Thurston Moore

By The Fire

Aided and abetted by Deb Googe, James Sedwards and Jon Leidecker, Thurston Moore's group prove a formidable combination on new album, By The Fire, finds Julian Marszalek

The demise of Sonic Youth came just at the point when the venerable noiseniks were scaling new peaks of brilliance. Both Rather Ripped and The Eternal deserve to spoken of with the same reverence as the earlier material that made their name. Still the music that’s followed by the band’s members has proved to be equally satisfying.

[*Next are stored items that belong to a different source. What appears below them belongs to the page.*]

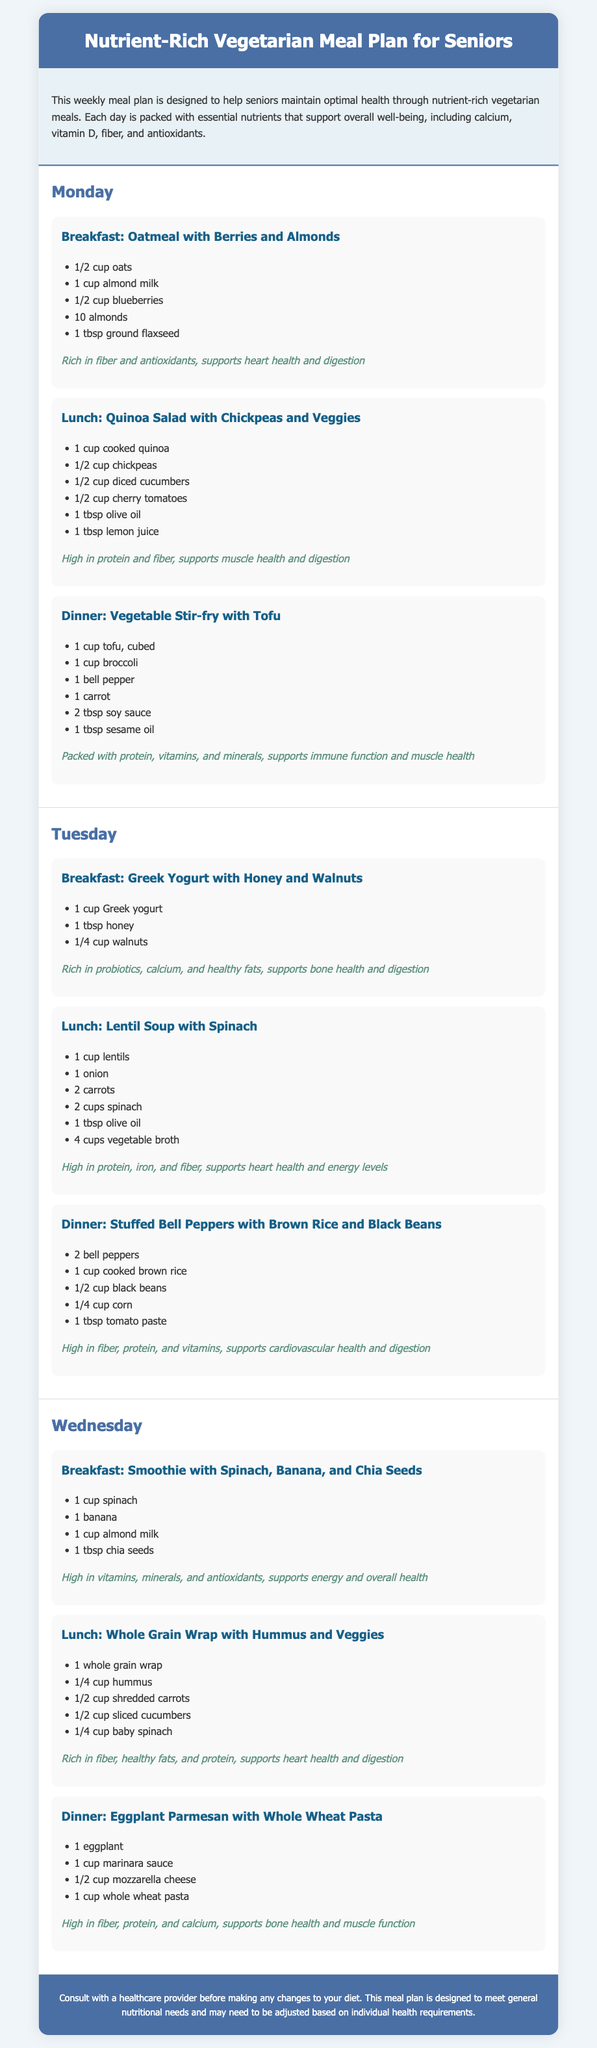What is the main purpose of the meal plan? The meal plan is designed to help seniors maintain optimal health through nutrient-rich vegetarian meals.
Answer: Optimal health How many meals are suggested for each day? Each day includes three meals: breakfast, lunch, and dinner.
Answer: Three meals What nutrient is particularly highlighted in the Monday breakfast? The Monday breakfast of oatmeal with berries and almonds is rich in fiber and antioxidants.
Answer: Fiber and antioxidants Which dinner meal includes tofu? The dinner meal that includes tofu is Vegetable Stir-fry with Tofu.
Answer: Vegetable Stir-fry with Tofu What is the total number of days covered in the meal plan? The meal plan covers a total of five days, from Monday to Wednesday.
Answer: Five days What key nutrient is emphasized in the Tuesday lunch? The Tuesday lunch of lentil soup with spinach is high in protein, iron, and fiber.
Answer: Protein, iron, and fiber What type of dietary plan is this document presenting? The document presents a weekly vegetarian meal plan for seniors.
Answer: Vegetarian meal plan Which component of the meal plan is indicated for energy support? The smoothie for breakfast on Wednesday is highlighted for its high vitamins, minerals, and antioxidants, supporting energy.
Answer: Smoothie What particular advice is given at the end of the document? The advice given is to consult with a healthcare provider before making any changes to your diet.
Answer: Consult a healthcare provider 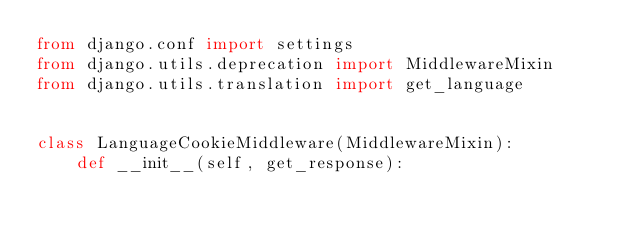Convert code to text. <code><loc_0><loc_0><loc_500><loc_500><_Python_>from django.conf import settings
from django.utils.deprecation import MiddlewareMixin
from django.utils.translation import get_language


class LanguageCookieMiddleware(MiddlewareMixin):
    def __init__(self, get_response):</code>

And while it’s probably a romantic fancy that the albums released in Sonic Youth’s wake have egged each of them on (the quality of the music has been on an undeniable upward trajectory), it’s with By The Fire that Thurston Moore goes properly into orbit. Make no mistake; this is an album that stands shoulder to shoulder with the very best of his alma mater.

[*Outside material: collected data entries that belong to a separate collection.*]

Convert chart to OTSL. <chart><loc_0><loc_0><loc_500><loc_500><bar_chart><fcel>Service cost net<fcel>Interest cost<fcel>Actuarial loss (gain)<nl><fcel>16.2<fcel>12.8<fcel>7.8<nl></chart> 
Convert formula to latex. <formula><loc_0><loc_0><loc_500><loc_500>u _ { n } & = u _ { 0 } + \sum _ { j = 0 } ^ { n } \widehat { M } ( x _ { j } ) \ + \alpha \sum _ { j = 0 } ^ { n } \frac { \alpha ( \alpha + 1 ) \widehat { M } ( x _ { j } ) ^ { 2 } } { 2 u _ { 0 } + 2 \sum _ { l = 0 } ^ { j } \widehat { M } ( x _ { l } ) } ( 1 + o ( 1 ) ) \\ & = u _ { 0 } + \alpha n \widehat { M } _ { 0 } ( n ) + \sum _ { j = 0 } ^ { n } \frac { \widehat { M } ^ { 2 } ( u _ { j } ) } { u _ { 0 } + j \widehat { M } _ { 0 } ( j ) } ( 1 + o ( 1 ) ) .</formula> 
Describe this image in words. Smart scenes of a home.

It’s as if Moore has taken stock of his highlights and consolidated them into a unified whole. Not that this should imply a re-tread of hallowed ground but more a guide of the route taken thus far and how to use it to go forward. Crucially, though it’s Moore’s name on the label, this is very much a group effort with My Bloody Valentine’s Deb Googe on bass, guitarist James Sedwards, Negativland’s Jon Leidecker providing electronics and The Oscillation’s Jem Doulton on drums (with Steve Shelley stepping in for one track), and London poet Radieux Radio providing most of the lyrics. A formidable combination, this band strikes with satisfying and thrilling precision throughout.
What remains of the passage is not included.